- **DIRECTIONS FOR THIS TASK**
Set out exactly, line by line, the stretch of data below that begins at the line containing "Answer: create rehab" and ends at the line containing "Answer: establish goals", with both ends kept.

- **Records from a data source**

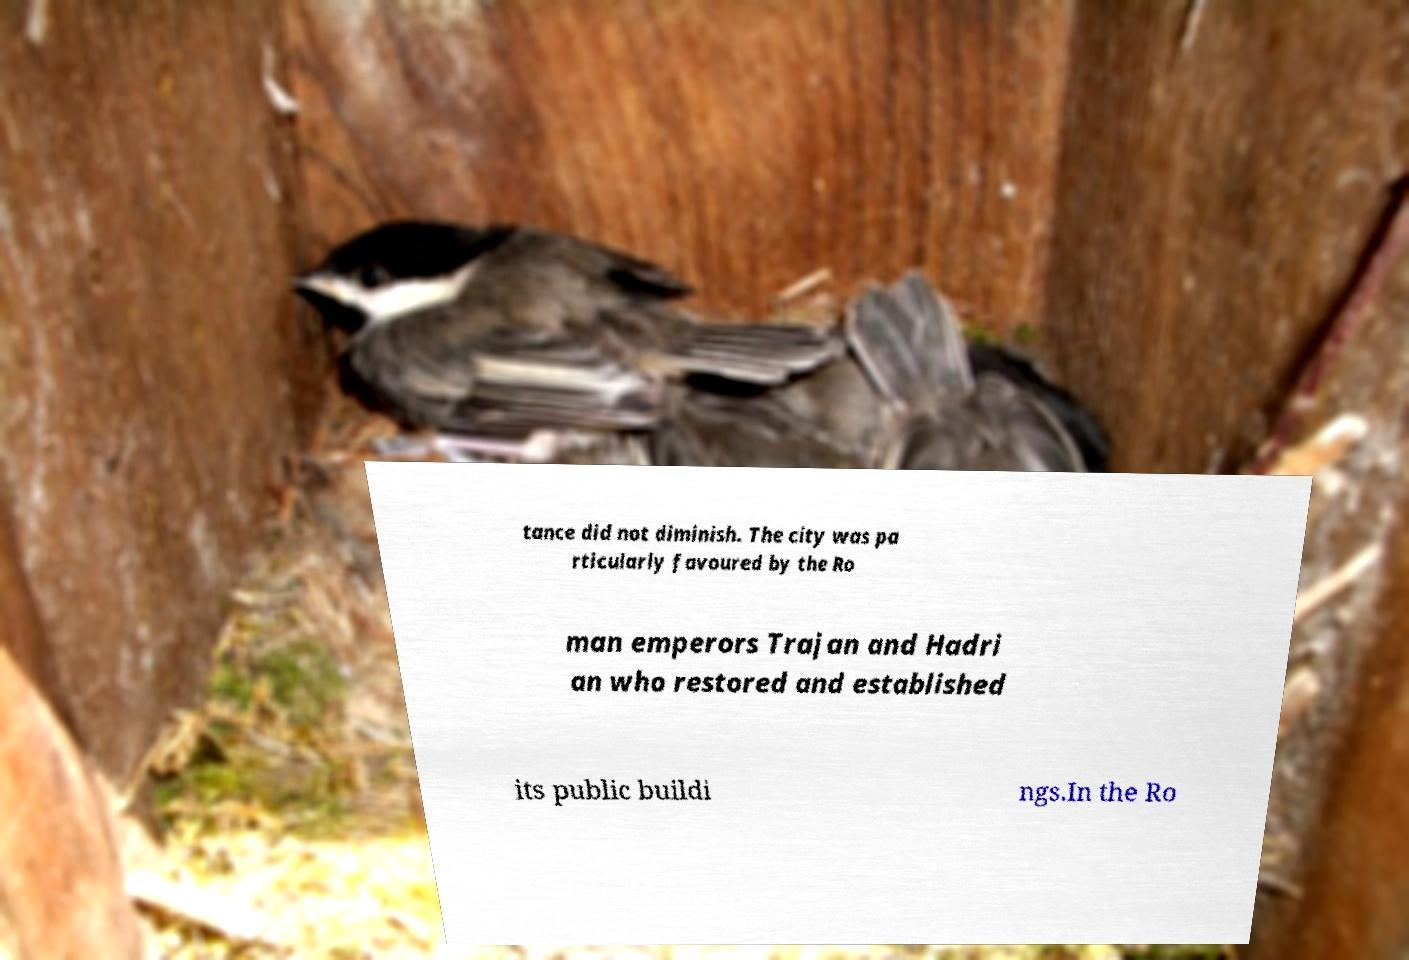Please identify and transcribe the text found in this image. tance did not diminish. The city was pa rticularly favoured by the Ro man emperors Trajan and Hadri an who restored and established its public buildi ngs.In the Ro 
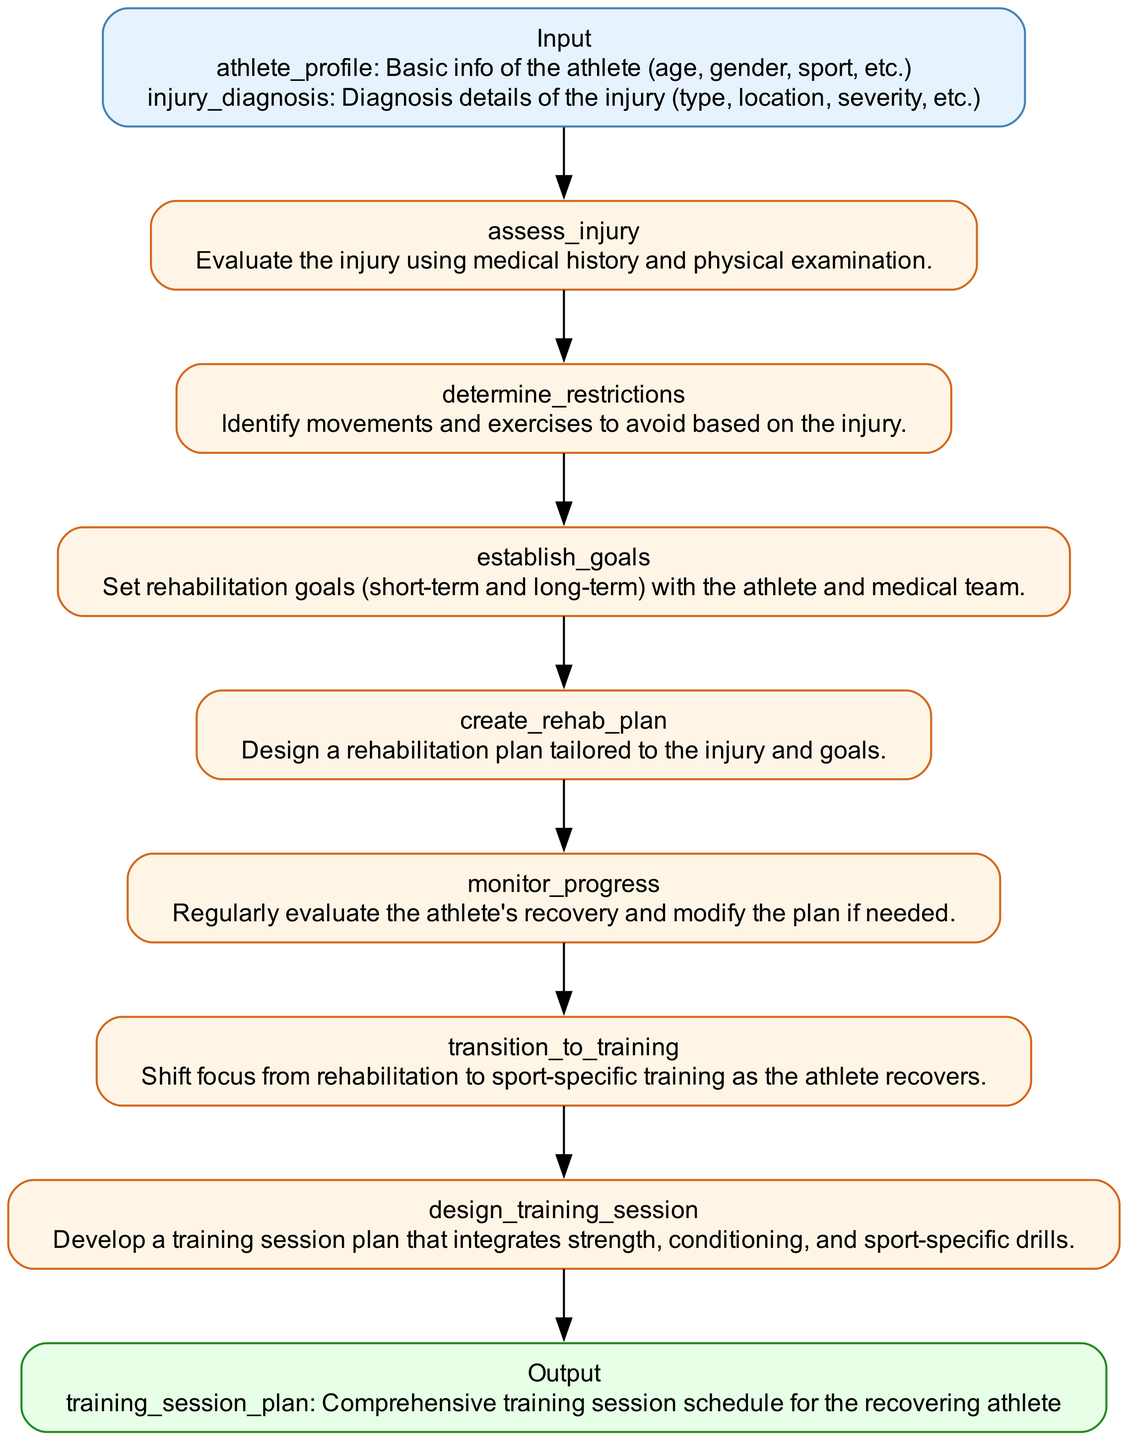What are the two input parameters in the diagram? The diagram lists "athlete_profile" and "injury_diagnosis" as the input parameters. Both parameters provide essential information for the injury assessment process.
Answer: athlete profile, injury diagnosis What is the first step in the process? According to the diagram, the first step listed is "assess_injury," which involves evaluating the injury using medical history and physical examination. This step is crucial for determining the athlete's condition.
Answer: assess injury How many steps are there in total? The diagram outlines six distinct steps to transition from injury assessment to training session design. This includes assessing injury, determining restrictions, establishing goals, creating a rehab plan, monitoring progress, and transitioning to training.
Answer: six What is the output of the process? The output, as specified in the diagram, is "training_session_plan," which represents a comprehensive training session schedule tailored for the recovering athlete. This plan is a critical result of the process.
Answer: training session plan Which step comes immediately after establishing goals? Following "establish_goals," the next step in the flowchart is "create_rehab_plan." This logical progression emphasizes the design of a rehabilitation strategy based on the set objectives.
Answer: create rehab plan What color represents the input node? The input node in the diagram is filled with a light blue color (#E6F3FF) and has a border color of dark blue (#4682B4). This color scheme visually distinguishes the input from other nodes.
Answer: light blue During which step do the medical team and athlete set rehabilitation goals? The step where rehabilitation goals are set is specifically identified in the diagram as "establish_goals." This collaborative process is essential for guiding the recovery plan.
Answer: establish goals What is identified in the "determine_restrictions" step? The "determine_restrictions" step involves identifying movements and exercises that should be avoided due to the athlete's injury. This precaution is vital for ensuring safety during recovery.
Answer: movements and exercises to avoid In which part of the diagram does transition to training begin? The transition to training begins at the step labeled "transition_to_training." This step signifies a shift in focus from rehabilitation towards more sport-specific training regimens as the athlete’s condition improves.
Answer: transition to training

- **TASK ANSWER**
Answer: create rehab plan What color represents the input node? The input node in the diagram is filled with a light blue color (#E6F3FF) and has a border color of dark blue (#4682B4). This color scheme visually distinguishes the input from other nodes.
Answer: light blue During which step do the medical team and athlete set rehabilitation goals? The step where rehabilitation goals are set is specifically identified in the diagram as "establish_goals." This collaborative process is essential for guiding the recovery plan.
Answer: establish goals What is identified in the "determine_restrictions" step? The "determine_restrictions" step involves identifying movements and exercises that should be avoided due to the athlete's injury. This precaution is vital for ensuring safety during recovery.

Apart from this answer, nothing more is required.